Hosted by best-selling author, Stephen Mansfield, you're listening to the Derek Prince Legacy Radio podcast.

Description

Derek looks at the courage and faith of Rahab the prostitute in her obedience to tie the scarlet cord in her window. She also convinced her family to come stay in her house in order to be saved. Though she came from a life of darkness, her faith became an example for New Testament writers, and her life was changed in such a great way that her name appears in the lineage of David and Jesus.

You and Your Household

Transcript

I’ve been explaining that the salvation which God offers to humanity is a household salvation. Believe in the Lord Jesus, you will be saved, you and your household. The reason is that God has a deep love and concern for every family. God is the God of families. Every family takes its name ultimately from the fatherhood of God.

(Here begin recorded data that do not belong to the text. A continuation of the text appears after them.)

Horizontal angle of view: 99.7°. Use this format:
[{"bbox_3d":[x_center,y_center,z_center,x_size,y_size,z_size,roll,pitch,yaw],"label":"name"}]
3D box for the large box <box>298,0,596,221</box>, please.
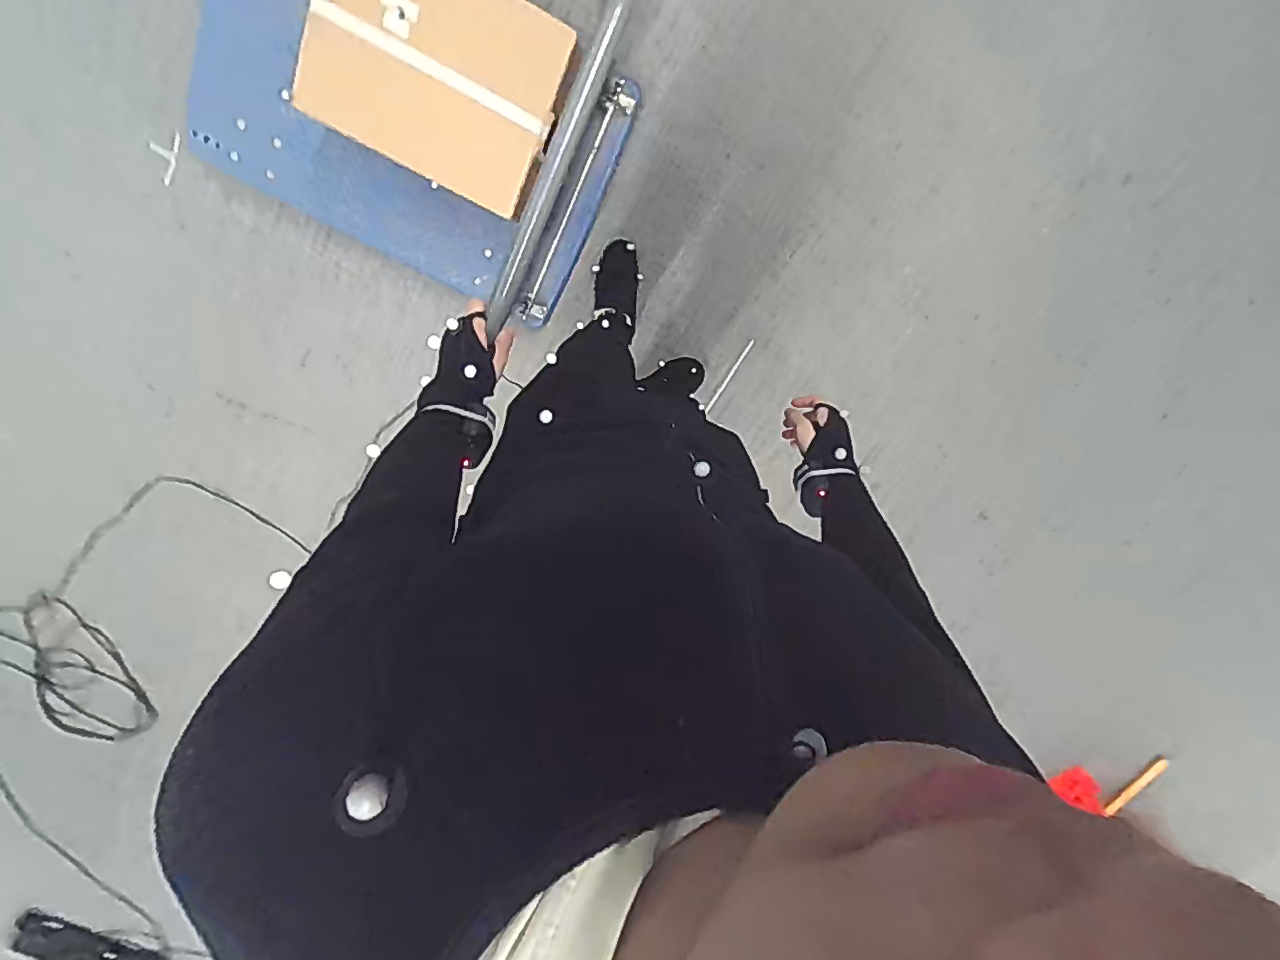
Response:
[{"bbox_3d":[-0.335,-0.744,1.033,0.408,0.320,0.320,25,109,-9],"label":"large box"}]
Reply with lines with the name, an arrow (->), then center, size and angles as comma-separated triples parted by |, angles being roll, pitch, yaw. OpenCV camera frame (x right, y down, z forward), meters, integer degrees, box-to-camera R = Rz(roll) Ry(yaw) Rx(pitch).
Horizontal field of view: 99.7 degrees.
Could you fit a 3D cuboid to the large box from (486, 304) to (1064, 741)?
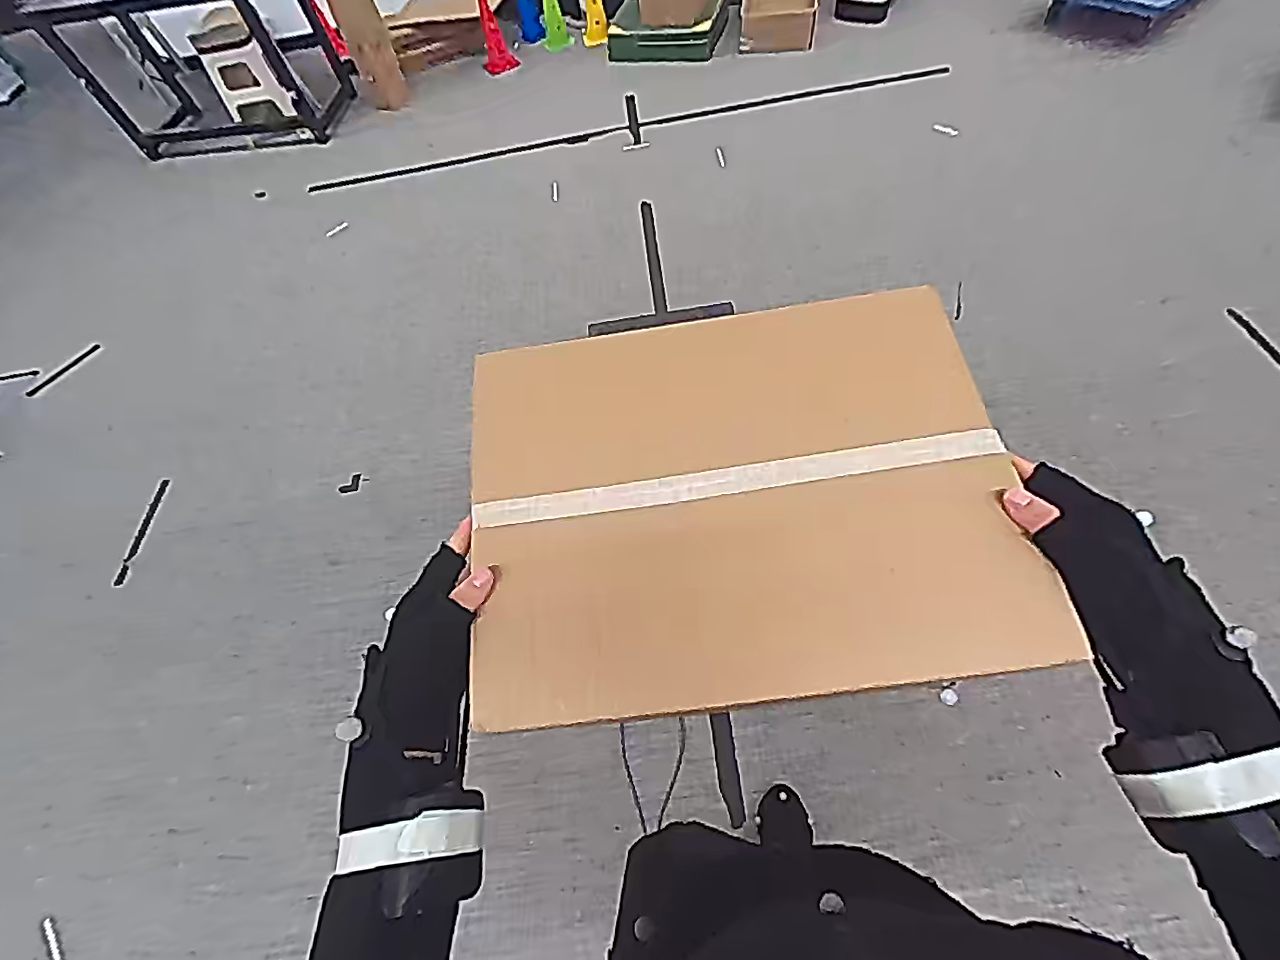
large box -> 0.090, 0.069, 0.564 | 0.408, 0.320, 0.320 | -9, 65, 3
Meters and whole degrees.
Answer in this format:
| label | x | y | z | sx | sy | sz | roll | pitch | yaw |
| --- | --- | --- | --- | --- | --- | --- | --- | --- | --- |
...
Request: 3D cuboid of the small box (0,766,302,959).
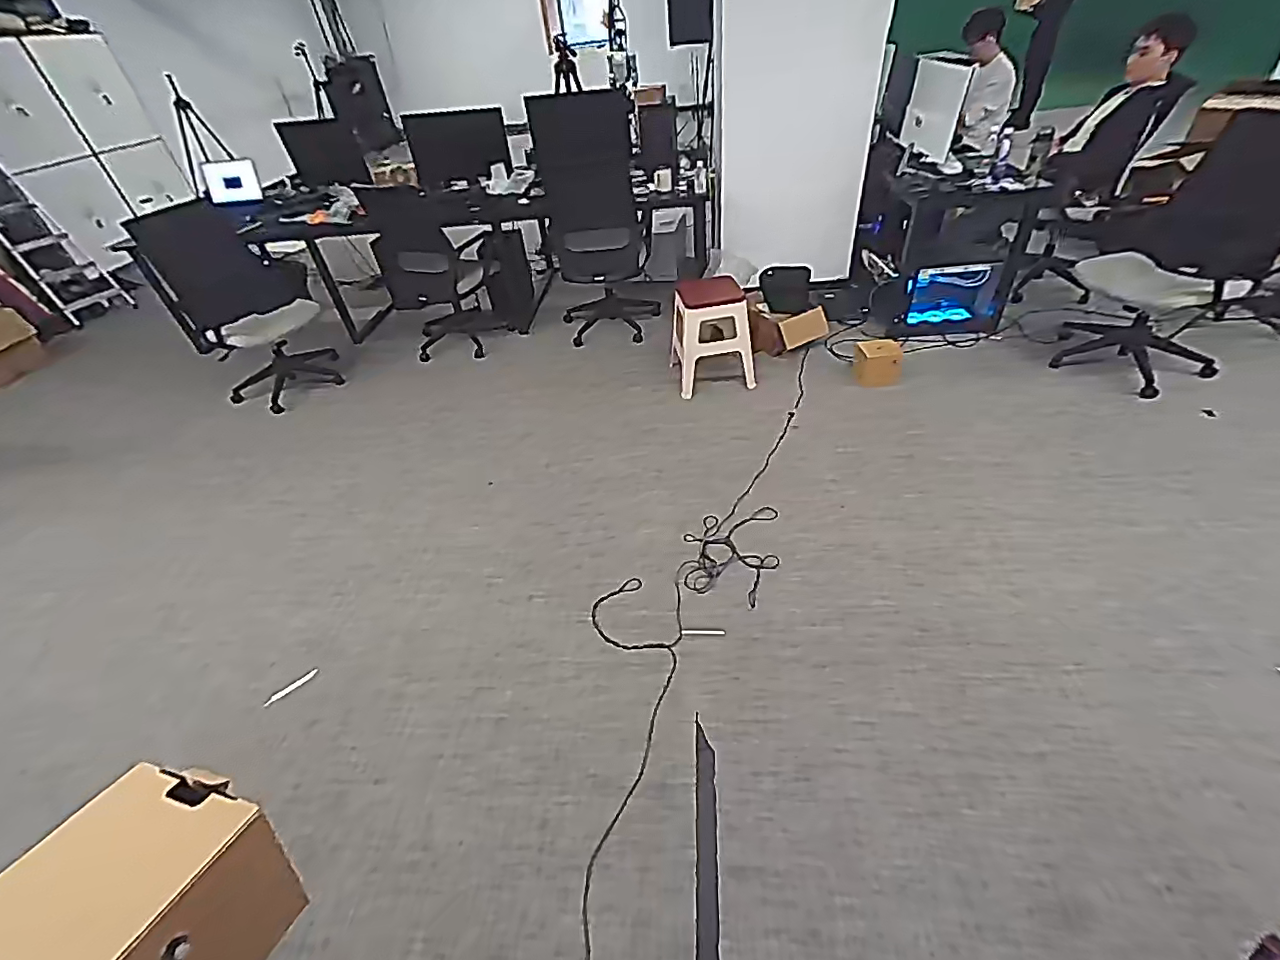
| label | x | y | z | sx | sy | sz | roll | pitch | yaw |
| --- | --- | --- | --- | --- | --- | --- | --- | --- | --- |
| small box | -0.459 | 0.415 | 0.500 | 0.168 | 0.176 | 0.179 | 8 | 27 | 16 |
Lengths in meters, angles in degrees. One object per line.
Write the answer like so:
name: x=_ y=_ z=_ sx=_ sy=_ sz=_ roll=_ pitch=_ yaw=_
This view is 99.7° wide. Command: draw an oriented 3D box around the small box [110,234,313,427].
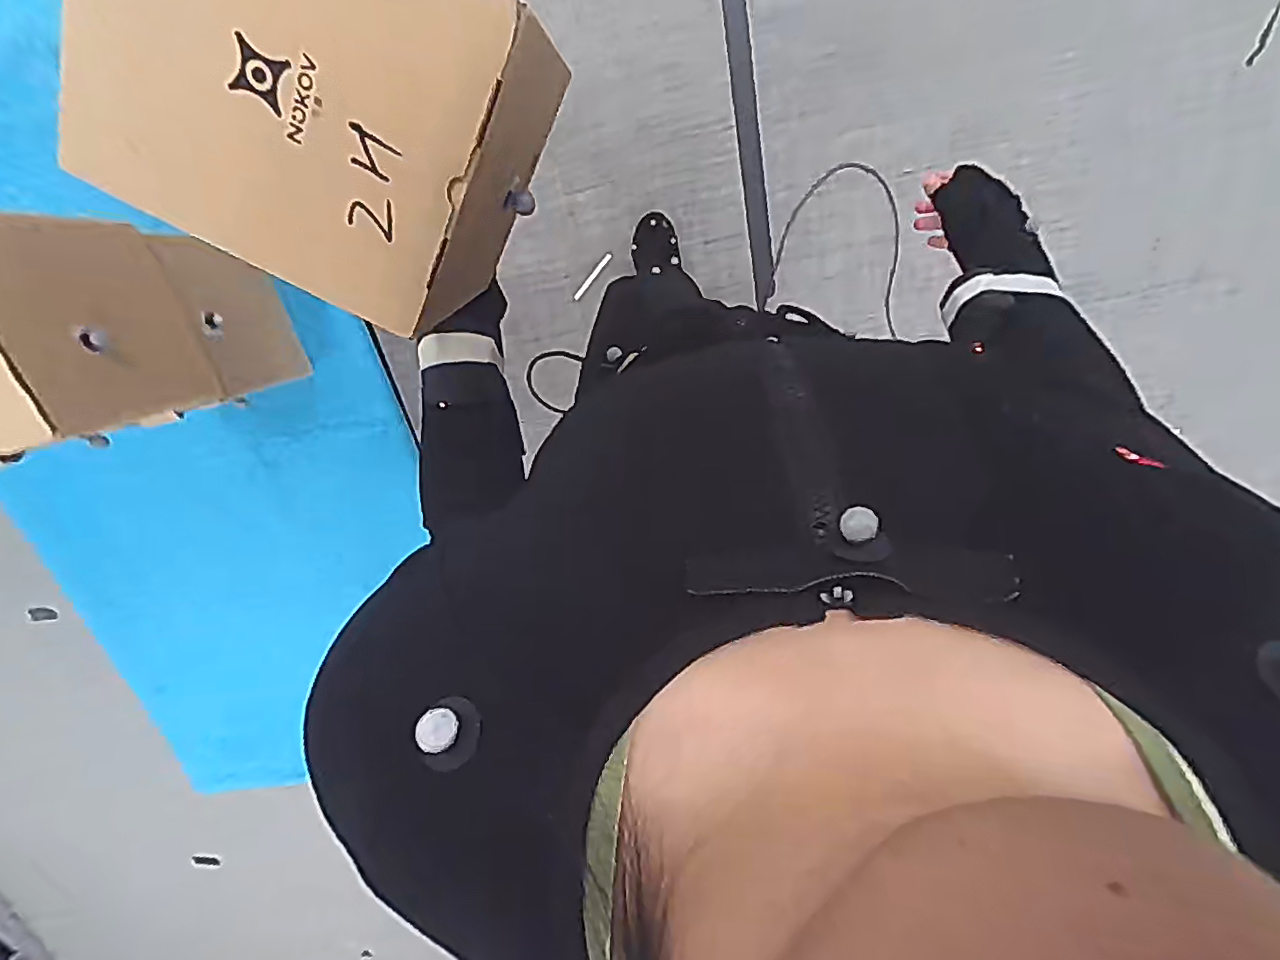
small box: x=-0.537 y=-0.183 z=0.643 sx=0.168 sy=0.176 sz=0.179 roll=-11 pitch=111 yaw=9

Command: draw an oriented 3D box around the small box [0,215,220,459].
small box: x=-0.545 y=-0.128 z=0.490 sx=0.168 sy=0.176 sz=0.179 roll=-14 pitch=110 yaw=10

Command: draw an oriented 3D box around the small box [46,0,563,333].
small box: x=-0.163 y=-0.218 z=0.314 sx=0.179 sy=0.176 sz=0.168 roll=29 pitch=117 yaw=-17
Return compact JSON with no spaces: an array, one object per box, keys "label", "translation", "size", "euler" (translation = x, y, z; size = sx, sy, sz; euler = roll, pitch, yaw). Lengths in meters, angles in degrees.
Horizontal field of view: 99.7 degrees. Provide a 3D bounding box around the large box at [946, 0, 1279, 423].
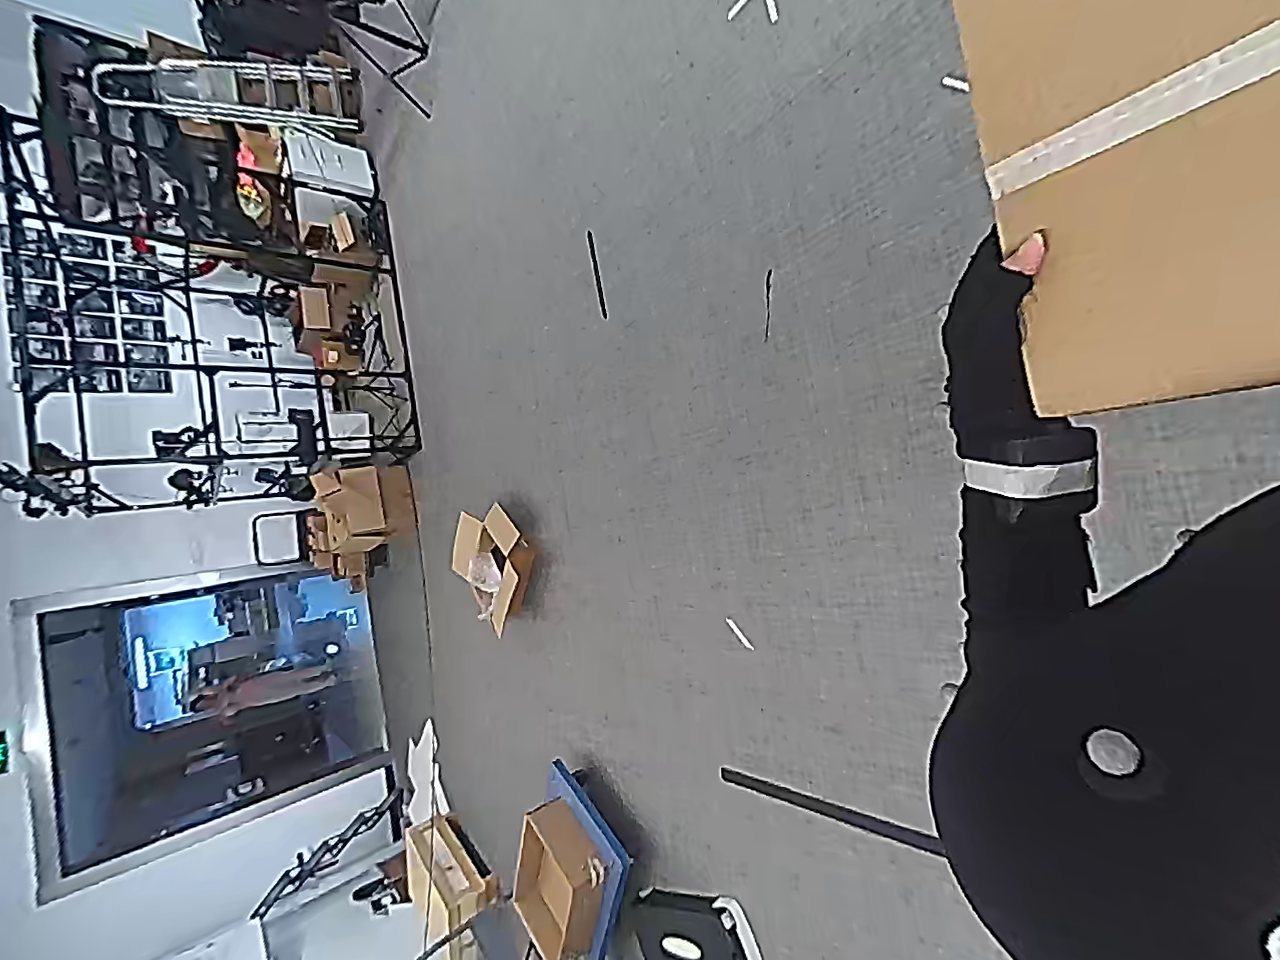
[{"label":"large box","translation":[0.467,-0.242,0.288],"size":[0.408,0.320,0.320],"euler":[-10,94,55]}]
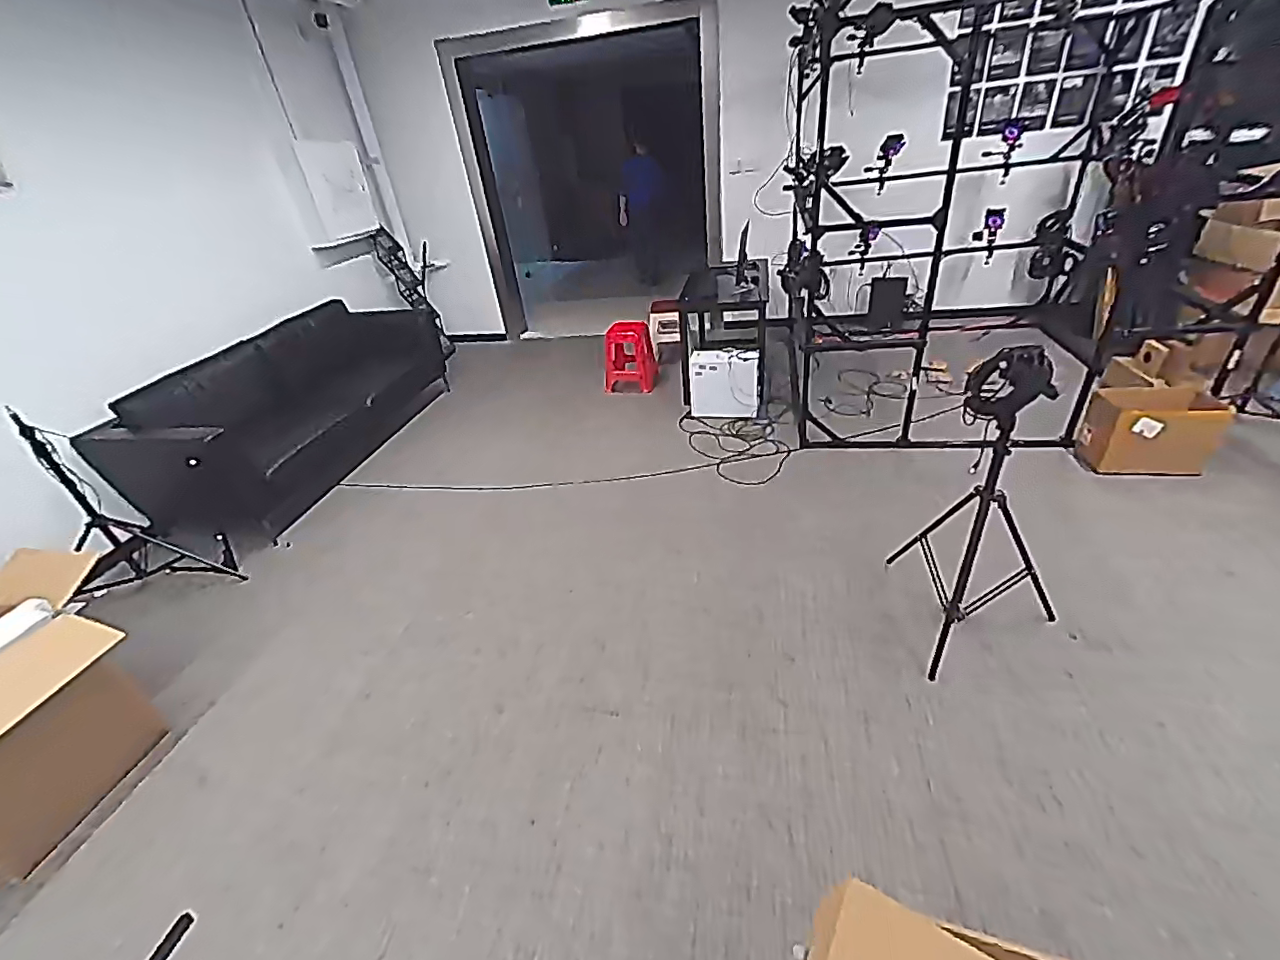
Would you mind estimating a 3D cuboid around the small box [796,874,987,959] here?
[{"bbox_3d":[0.271,0.585,0.596,0.179,0.176,0.168,22,49,23],"label":"small box"}]

The scriptural key to this household salvation is the father in each family. In our previous studies we’ve looked at the examples of five men who brought their families into this household salvation: the Philippian jailer, Noah, Joshua, Abraham and Job, although Job’s experience was in some respects different from that of the other four men.

Today I’ll be sharing out of the story of a woman, a woman without a husband, and yet her faith brought salvation to her entire household. Her name was Rahab. Now, we need to just glance briefly at the background of Rahab’s story. Joshua and the armies of Israel were encamped on the east side of the Jordan River, ready to advance across and move in and conquer the land of Canaan. The first city, on their way, which they had to conquer, was the city of Jericho. Jericho was a walled city that was strongly fortified and God had a special plan by which the Israelites would be able to conquer Jericho. But before the whole army moved in, Joshua sent two men ahead as spies to get inside Jericho and spy out the city and see what it’s defenses were, and so on. So Joshua sent these two spies across the Jordan and into the city of Jericho.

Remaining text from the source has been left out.